What this task involves :: Output every entry below exactly as it is written.

----- The data

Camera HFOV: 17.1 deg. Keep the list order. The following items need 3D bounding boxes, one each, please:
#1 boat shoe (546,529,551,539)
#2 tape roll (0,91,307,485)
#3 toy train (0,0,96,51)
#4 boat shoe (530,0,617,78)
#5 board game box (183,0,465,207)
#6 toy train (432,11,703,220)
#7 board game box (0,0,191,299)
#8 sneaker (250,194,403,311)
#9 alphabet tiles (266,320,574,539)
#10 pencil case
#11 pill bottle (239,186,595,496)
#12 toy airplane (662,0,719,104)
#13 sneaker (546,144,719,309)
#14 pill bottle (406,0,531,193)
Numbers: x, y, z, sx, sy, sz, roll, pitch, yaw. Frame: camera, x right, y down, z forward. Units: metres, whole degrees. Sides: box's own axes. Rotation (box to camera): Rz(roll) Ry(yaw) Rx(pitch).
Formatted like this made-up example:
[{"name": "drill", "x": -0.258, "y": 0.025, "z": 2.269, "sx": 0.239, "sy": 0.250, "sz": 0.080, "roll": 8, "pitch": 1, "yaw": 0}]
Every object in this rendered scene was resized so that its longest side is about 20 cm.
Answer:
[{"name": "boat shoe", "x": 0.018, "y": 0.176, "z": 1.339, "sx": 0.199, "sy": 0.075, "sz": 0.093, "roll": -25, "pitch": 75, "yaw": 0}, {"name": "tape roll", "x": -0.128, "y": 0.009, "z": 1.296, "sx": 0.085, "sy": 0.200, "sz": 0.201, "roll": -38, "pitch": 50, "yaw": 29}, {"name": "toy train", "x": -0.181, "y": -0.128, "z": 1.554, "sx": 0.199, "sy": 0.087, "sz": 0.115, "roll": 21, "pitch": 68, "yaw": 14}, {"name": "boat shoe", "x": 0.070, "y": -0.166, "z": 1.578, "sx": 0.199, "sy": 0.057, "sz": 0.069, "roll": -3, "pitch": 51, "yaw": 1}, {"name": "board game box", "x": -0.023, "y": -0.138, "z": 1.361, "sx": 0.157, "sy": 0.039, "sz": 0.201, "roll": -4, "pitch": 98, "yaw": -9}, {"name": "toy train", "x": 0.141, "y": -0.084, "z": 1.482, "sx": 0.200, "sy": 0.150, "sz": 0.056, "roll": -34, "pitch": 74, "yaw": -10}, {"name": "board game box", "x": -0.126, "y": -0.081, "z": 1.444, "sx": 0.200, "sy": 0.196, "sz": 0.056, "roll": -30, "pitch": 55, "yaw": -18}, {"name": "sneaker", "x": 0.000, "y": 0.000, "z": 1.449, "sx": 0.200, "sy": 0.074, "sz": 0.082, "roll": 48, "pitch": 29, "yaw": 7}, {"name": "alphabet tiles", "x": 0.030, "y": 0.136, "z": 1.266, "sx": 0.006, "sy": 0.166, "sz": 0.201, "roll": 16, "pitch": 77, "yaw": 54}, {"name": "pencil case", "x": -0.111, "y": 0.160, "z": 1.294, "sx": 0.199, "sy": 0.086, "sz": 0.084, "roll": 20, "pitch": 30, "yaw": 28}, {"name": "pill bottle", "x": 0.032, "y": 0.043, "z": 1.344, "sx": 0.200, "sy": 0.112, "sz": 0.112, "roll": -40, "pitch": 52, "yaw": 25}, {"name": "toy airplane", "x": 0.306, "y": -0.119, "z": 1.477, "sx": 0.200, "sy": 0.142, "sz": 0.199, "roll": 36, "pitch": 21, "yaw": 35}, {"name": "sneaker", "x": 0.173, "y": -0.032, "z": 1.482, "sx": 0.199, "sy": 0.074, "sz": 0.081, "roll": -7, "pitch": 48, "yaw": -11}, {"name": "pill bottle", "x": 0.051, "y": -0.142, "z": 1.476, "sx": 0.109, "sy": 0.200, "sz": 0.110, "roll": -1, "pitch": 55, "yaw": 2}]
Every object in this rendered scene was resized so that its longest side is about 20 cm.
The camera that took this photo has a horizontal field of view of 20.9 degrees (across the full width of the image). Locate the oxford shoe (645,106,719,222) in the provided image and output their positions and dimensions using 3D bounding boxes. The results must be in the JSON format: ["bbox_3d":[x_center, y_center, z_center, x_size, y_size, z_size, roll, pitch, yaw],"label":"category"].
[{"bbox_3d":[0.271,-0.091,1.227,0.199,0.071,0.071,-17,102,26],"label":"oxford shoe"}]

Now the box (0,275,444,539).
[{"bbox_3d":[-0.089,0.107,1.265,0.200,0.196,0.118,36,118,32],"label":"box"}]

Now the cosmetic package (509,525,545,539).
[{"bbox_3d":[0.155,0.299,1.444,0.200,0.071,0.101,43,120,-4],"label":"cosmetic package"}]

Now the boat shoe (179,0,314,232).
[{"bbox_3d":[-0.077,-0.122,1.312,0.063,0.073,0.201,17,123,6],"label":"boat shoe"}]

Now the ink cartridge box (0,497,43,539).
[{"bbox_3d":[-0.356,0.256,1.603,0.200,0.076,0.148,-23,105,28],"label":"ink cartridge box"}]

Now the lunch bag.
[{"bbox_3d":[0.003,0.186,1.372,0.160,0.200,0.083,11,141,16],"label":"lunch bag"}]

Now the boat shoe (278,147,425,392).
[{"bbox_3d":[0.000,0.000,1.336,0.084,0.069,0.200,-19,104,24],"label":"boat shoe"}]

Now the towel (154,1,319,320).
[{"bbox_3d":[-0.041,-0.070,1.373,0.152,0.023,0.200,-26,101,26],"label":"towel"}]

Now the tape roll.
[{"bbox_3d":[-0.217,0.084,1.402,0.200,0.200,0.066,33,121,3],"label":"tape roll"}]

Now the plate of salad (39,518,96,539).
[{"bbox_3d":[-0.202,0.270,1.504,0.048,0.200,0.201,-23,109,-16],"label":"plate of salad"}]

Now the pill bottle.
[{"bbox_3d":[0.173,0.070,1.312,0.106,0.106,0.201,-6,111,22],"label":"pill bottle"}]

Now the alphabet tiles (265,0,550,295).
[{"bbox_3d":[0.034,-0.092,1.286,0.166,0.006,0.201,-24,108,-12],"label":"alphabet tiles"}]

----------

Task answer ::
Camera HFOV: 17.1 deg. Keep the list order. The following items need 3D bounding boxes, one each, please:
#1 boat shoe (546,529,551,539)
#2 tape roll (0,91,307,485)
#3 toy train (0,0,96,51)
#4 boat shoe (530,0,617,78)
#5 board game box (183,0,465,207)
#6 toy train (432,11,703,220)
#7 board game box (0,0,191,299)
#8 sneaker (250,194,403,311)
#9 alphabet tiles (266,320,574,539)
#10 pencil case
#11 pill bottle (239,186,595,496)
#12 toy airplane (662,0,719,104)
#13 sneaker (546,144,719,309)
#14 pill bottle (406,0,531,193)
Numbers: x, y, z, sx, sy, sz, roll, pitch, yaw. Frame: camera, x right, y down, z forward. Units: metres, whole degrees. Sides: box's own axes. Rotation (box to camera): Rz(roll) Ry(yaw) Rx(pitch).
Formatted like this made-up example:
[{"name": "drill", "x": -0.258, "y": 0.025, "z": 2.269, "sx": 0.239, "sy": 0.250, "sz": 0.080, "roll": 8, "pitch": 1, "yaw": 0}]
Every object in this rendered scene was resized so that its longest side is about 20 cm.
Answer:
[{"name": "boat shoe", "x": 0.018, "y": 0.176, "z": 1.339, "sx": 0.199, "sy": 0.075, "sz": 0.093, "roll": -25, "pitch": 75, "yaw": 0}, {"name": "tape roll", "x": -0.128, "y": 0.009, "z": 1.296, "sx": 0.085, "sy": 0.200, "sz": 0.201, "roll": -38, "pitch": 50, "yaw": 29}, {"name": "toy train", "x": -0.181, "y": -0.128, "z": 1.554, "sx": 0.199, "sy": 0.087, "sz": 0.115, "roll": 21, "pitch": 68, "yaw": 14}, {"name": "boat shoe", "x": 0.070, "y": -0.166, "z": 1.578, "sx": 0.199, "sy": 0.057, "sz": 0.069, "roll": -3, "pitch": 51, "yaw": 1}, {"name": "board game box", "x": -0.023, "y": -0.138, "z": 1.361, "sx": 0.157, "sy": 0.039, "sz": 0.201, "roll": -4, "pitch": 98, "yaw": -9}, {"name": "toy train", "x": 0.141, "y": -0.084, "z": 1.482, "sx": 0.200, "sy": 0.150, "sz": 0.056, "roll": -34, "pitch": 74, "yaw": -10}, {"name": "board game box", "x": -0.126, "y": -0.081, "z": 1.444, "sx": 0.200, "sy": 0.196, "sz": 0.056, "roll": -30, "pitch": 55, "yaw": -18}, {"name": "sneaker", "x": 0.000, "y": 0.000, "z": 1.449, "sx": 0.200, "sy": 0.074, "sz": 0.082, "roll": 48, "pitch": 29, "yaw": 7}, {"name": "alphabet tiles", "x": 0.030, "y": 0.136, "z": 1.266, "sx": 0.006, "sy": 0.166, "sz": 0.201, "roll": 16, "pitch": 77, "yaw": 54}, {"name": "pencil case", "x": -0.111, "y": 0.160, "z": 1.294, "sx": 0.199, "sy": 0.086, "sz": 0.084, "roll": 20, "pitch": 30, "yaw": 28}, {"name": "pill bottle", "x": 0.032, "y": 0.043, "z": 1.344, "sx": 0.200, "sy": 0.112, "sz": 0.112, "roll": -40, "pitch": 52, "yaw": 25}, {"name": "toy airplane", "x": 0.306, "y": -0.119, "z": 1.477, "sx": 0.200, "sy": 0.142, "sz": 0.199, "roll": 36, "pitch": 21, "yaw": 35}, {"name": "sneaker", "x": 0.173, "y": -0.032, "z": 1.482, "sx": 0.199, "sy": 0.074, "sz": 0.081, "roll": -7, "pitch": 48, "yaw": -11}, {"name": "pill bottle", "x": 0.051, "y": -0.142, "z": 1.476, "sx": 0.109, "sy": 0.200, "sz": 0.110, "roll": -1, "pitch": 55, "yaw": 2}]
Every object in this rendered scene was resized so that its longest side is about 20 cm.
The camera that took this photo has a horizontal field of view of 20.9 degrees (across the full width of the image). Locate the oxford shoe (645,106,719,222) in the provided image and output their positions and dimensions using 3D bounding boxes. The results must be in the JSON format: ["bbox_3d":[x_center, y_center, z_center, x_size, y_size, z_size, roll, pitch, yaw],"label":"category"].
[{"bbox_3d":[0.271,-0.091,1.227,0.199,0.071,0.071,-17,102,26],"label":"oxford shoe"}]

Now the box (0,275,444,539).
[{"bbox_3d":[-0.089,0.107,1.265,0.200,0.196,0.118,36,118,32],"label":"box"}]

Now the cosmetic package (509,525,545,539).
[{"bbox_3d":[0.155,0.299,1.444,0.200,0.071,0.101,43,120,-4],"label":"cosmetic package"}]

Now the boat shoe (179,0,314,232).
[{"bbox_3d":[-0.077,-0.122,1.312,0.063,0.073,0.201,17,123,6],"label":"boat shoe"}]

Now the ink cartridge box (0,497,43,539).
[{"bbox_3d":[-0.356,0.256,1.603,0.200,0.076,0.148,-23,105,28],"label":"ink cartridge box"}]

Now the lunch bag.
[{"bbox_3d":[0.003,0.186,1.372,0.160,0.200,0.083,11,141,16],"label":"lunch bag"}]

Now the boat shoe (278,147,425,392).
[{"bbox_3d":[0.000,0.000,1.336,0.084,0.069,0.200,-19,104,24],"label":"boat shoe"}]

Now the towel (154,1,319,320).
[{"bbox_3d":[-0.041,-0.070,1.373,0.152,0.023,0.200,-26,101,26],"label":"towel"}]

Now the tape roll.
[{"bbox_3d":[-0.217,0.084,1.402,0.200,0.200,0.066,33,121,3],"label":"tape roll"}]

Now the plate of salad (39,518,96,539).
[{"bbox_3d":[-0.202,0.270,1.504,0.048,0.200,0.201,-23,109,-16],"label":"plate of salad"}]

Now the pill bottle.
[{"bbox_3d":[0.173,0.070,1.312,0.106,0.106,0.201,-6,111,22],"label":"pill bottle"}]

Now the alphabet tiles (265,0,550,295).
[{"bbox_3d":[0.034,-0.092,1.286,0.166,0.006,0.201,-24,108,-12],"label":"alphabet tiles"}]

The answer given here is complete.